Splicing factors produce different actions by binding to different positions on pre-mRNA (position-dependent) [49]. Several UGCAUG elements surround exon 9* and exon 33 of Cacna1c gene. Rbfox proteins prefer binding upstream of exon 9* to repress its expression, but downstream of exon 33 to enhance its expression [32]. Here, we found that alternative exon 9* is increased, but exon 33 is decreased. This is accompanied by reduced Rbfox1 expression in the arteries of HFD/STZ-induced and GK rats. Moreover, Rbfox1 knockdown in isolated VSMCs directly induces the upregulation of exon 9* and downregulation of exon 33. Although we cannot exclude the possibility that Rbfox1 mediates the AS events of other target genes [50,51,52] in diabetic arteries, our observations are sufficient to conclude that decreased Rbfox1 in VSMCs indeed induces aberrant expression of the vascular CaV1.2E9*,ΔE33 channel under diabetic hyperglycemia, which in turn enhances vasoconstriction. Notably, several variants of RBFOX1 gene are linked to lower blood pressure in humans [53, 54]. Whether these variants influence Rbfox1-mediated CaV1.2 AS in diabetic arteries needs further studies.

The different patterns of increased CaV1.2 exon 33 induced by MGO and decreased exon 33 induced by diabetes and GS suggest that potential factors may modulate the expression of CaV1.2 exon 33 compare with exon 9*. Although we confirmed the important role of Rbfox1 in regulating CaV1.2 functions and vasoconstriction under diabetic hyperglycemia in the present study, we also found another splicing factor, Rbfox2, dynamically regulating CaV1.2 exons 9* and 33 in VSMCs [28]. Besides Rbfox proteins, other splicing factors such as RNA-binding protein motif 20 (RBM20) has also been reported to regulate CaV1.2 alternative exon 8, exon 9*, exon 22 and exon 33, but the magnitude of this regulation is weak [55]. It is not clear whether other splicing factors specifically control the expression of CaV1.2 exon 33, but this requires further clarification.

We initially hypothesized that HG in diabetic condition may mediate the decreased expression of Rbfox1 in the arteries from diabetic rats.

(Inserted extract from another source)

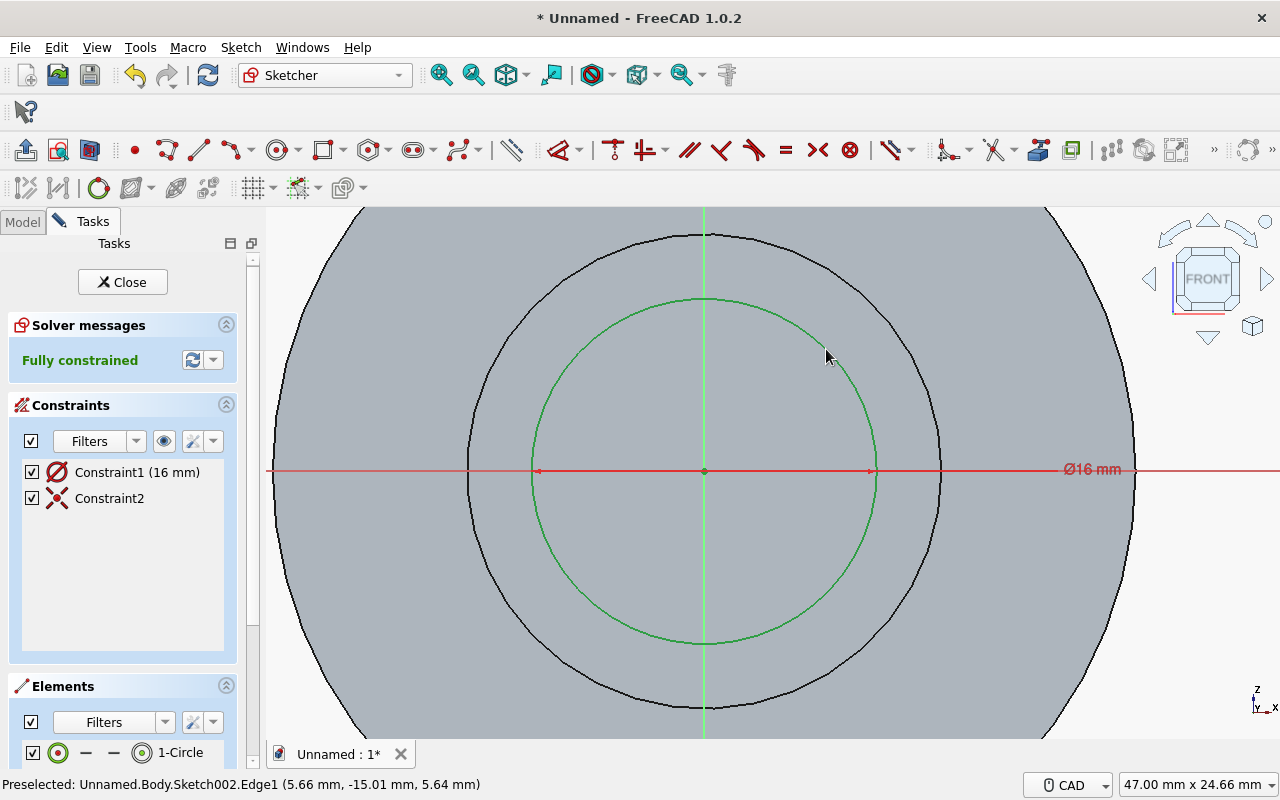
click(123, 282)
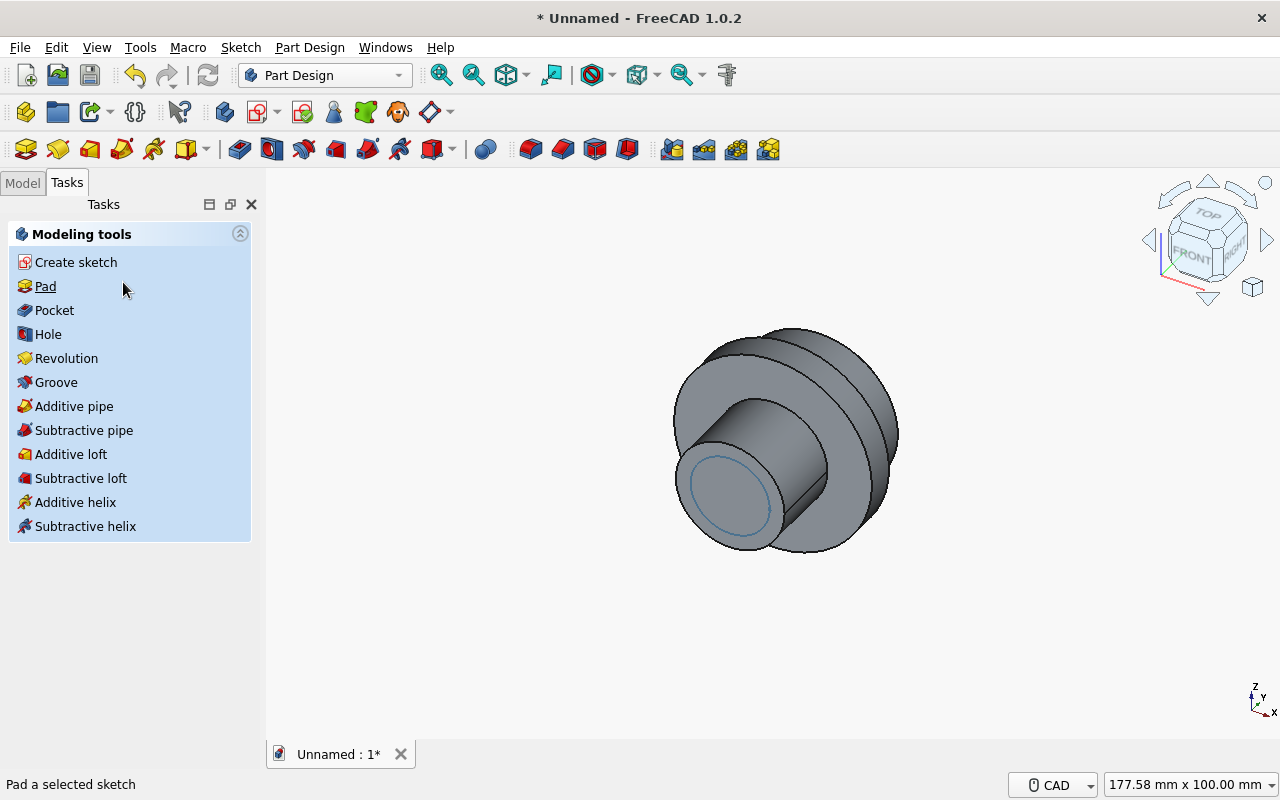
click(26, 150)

Contrary to our expectations, HG didn’t directly affect Rbfox1 expression and the CaV1.2 splicing pattern in VSMCs. AGEs are produced during chronic hyperglycemic condition, causing long-lasting damage to vascular complications through metabolic memory [15]. Treatment with GS, an AGEs mimic, significantly decreased the expression of Rbfox1 and increased the presence of the CaV1.2E9*,ΔE33 isoform in isolated VSMCs. Functionally, the application of GS shifted the CaV1.2 IV curve towards hyperpolarization in isolated VSMCs, enhancing channel function and increasing K+-induced vasoconstriction. These observations confirm that AGEs can induce a reduction in Rbfox1 protein through metabolic memory, resulting in aberrant splicing and function of the vascular CaV1.2 channel under diabetic hyperglycemia.

Conclusions

In summary, our research shows that AGEs can significantly reduce Rbfox1 expression and enhance the function of vascular CaV1.2 channel by dynamically regulating alternative exons 9* and 33, thereby increasing vasoconstriction in the arteries of diabetic rat. Therefore, targeting Rbfox1 to correct the aberrant splicing of the CaV1.2 channel in vascular smooth muscle may provide a promising approach for the management of diabetic vascular complications.